July 2024 and it is still surprising how erratic LLMs can be when they get tasked to help with very small coding jobs. I work on many projects on my Mac. For a while, I have been using my own directory simple stack implementation. Remembering paths is what the computer can do for me.
It works well and has two parts: zsh functions loaded via .zshrc and a Python program doing the actual work, naturally except for the cd, change of the prompt.
I thought it would be nice if my ‘cd’ variation could check if a Python environment under */bin/activate would exist in the directory I changed into. If so, it can source it. If there is none, then it should not care, and if there are multiple, it should list them so that I could pick and choose.
Simple enough.
Parts would require zsh shell coding. Not something I tend to do a lot. Since Sonnet 3.5 has a limit even in the paid version, I tend to use my paid gpt4o first.

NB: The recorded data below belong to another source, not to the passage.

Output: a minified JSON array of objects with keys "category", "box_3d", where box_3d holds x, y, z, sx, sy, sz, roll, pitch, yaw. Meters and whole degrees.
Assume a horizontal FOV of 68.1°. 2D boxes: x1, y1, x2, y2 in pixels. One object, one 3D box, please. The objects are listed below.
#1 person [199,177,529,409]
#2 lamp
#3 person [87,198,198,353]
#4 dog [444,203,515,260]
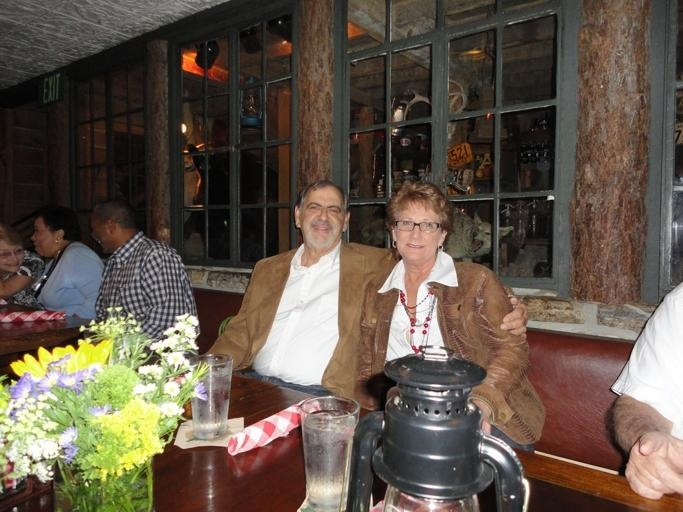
[{"category":"person","box_3d":[-0.012,0.262,2.985,1.734,1.176,0.909,-2,-8,11]},{"category":"lamp","box_3d":[-0.703,-1.610,3.818,0.767,0.491,0.189,-2,18,29]},{"category":"person","box_3d":[-1.361,0.098,3.376,0.805,0.921,0.637,12,15,31]},{"category":"dog","box_3d":[0.876,-0.100,3.385,0.197,0.389,0.531,-5,7,-30]}]

For this simple thing, I should not have. Today gpt4o was stunningly stupid. It managed to do zsh syntax well enough, but then completely failed. For a while, stuck in that dreadful loop where one hopes the next version would finally work. I still abort those loops of idiocy way too late.

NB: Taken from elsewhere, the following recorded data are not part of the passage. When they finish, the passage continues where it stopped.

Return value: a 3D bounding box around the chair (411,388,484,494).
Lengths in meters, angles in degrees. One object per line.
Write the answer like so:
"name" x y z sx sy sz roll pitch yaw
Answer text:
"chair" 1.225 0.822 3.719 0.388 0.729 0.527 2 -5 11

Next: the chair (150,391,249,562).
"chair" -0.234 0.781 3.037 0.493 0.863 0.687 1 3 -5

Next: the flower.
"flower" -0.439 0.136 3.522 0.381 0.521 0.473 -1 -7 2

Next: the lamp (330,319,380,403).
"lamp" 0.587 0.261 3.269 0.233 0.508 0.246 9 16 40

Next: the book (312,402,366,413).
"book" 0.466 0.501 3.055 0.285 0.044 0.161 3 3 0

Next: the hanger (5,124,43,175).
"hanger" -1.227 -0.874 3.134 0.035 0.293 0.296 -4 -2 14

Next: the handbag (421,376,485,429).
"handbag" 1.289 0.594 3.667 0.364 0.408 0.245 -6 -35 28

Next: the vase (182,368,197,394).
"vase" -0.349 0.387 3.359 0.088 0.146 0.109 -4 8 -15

Claude 3.5 got it right. In my frustration, I also had introduced a bug / typo on my end. Both gpt4o and Claude would have pointed it out easily if they had seen that part of the code. Claude stood out since its debug hints let me see what I had done wrong. That was beyond my current expectation horizon.

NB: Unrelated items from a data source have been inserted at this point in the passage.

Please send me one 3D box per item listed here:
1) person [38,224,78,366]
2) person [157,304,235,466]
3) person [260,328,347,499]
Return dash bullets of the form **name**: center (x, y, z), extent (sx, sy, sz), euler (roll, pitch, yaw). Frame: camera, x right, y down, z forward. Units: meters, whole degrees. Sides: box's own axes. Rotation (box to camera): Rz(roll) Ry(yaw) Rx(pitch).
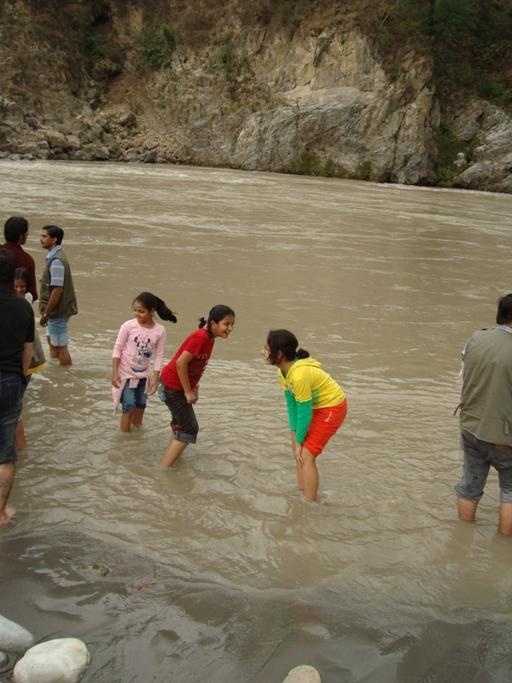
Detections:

Speaking of: I am amazed how dumb LLMs still can be. Today gpt4o was utterly stupid. Not sure why. Is it zsh that it is not familiar with? Did the system prompt that got assigned to me, or my region, suddenly change? Who knows.
It must be hard to make a living based on some expectations from LLMs. They are really awesome, but can fall off a cliff at any point. Pretty much the opposite from computer work in general.
I expect that people develop all sorts of Cargo Cults in their work with these tools.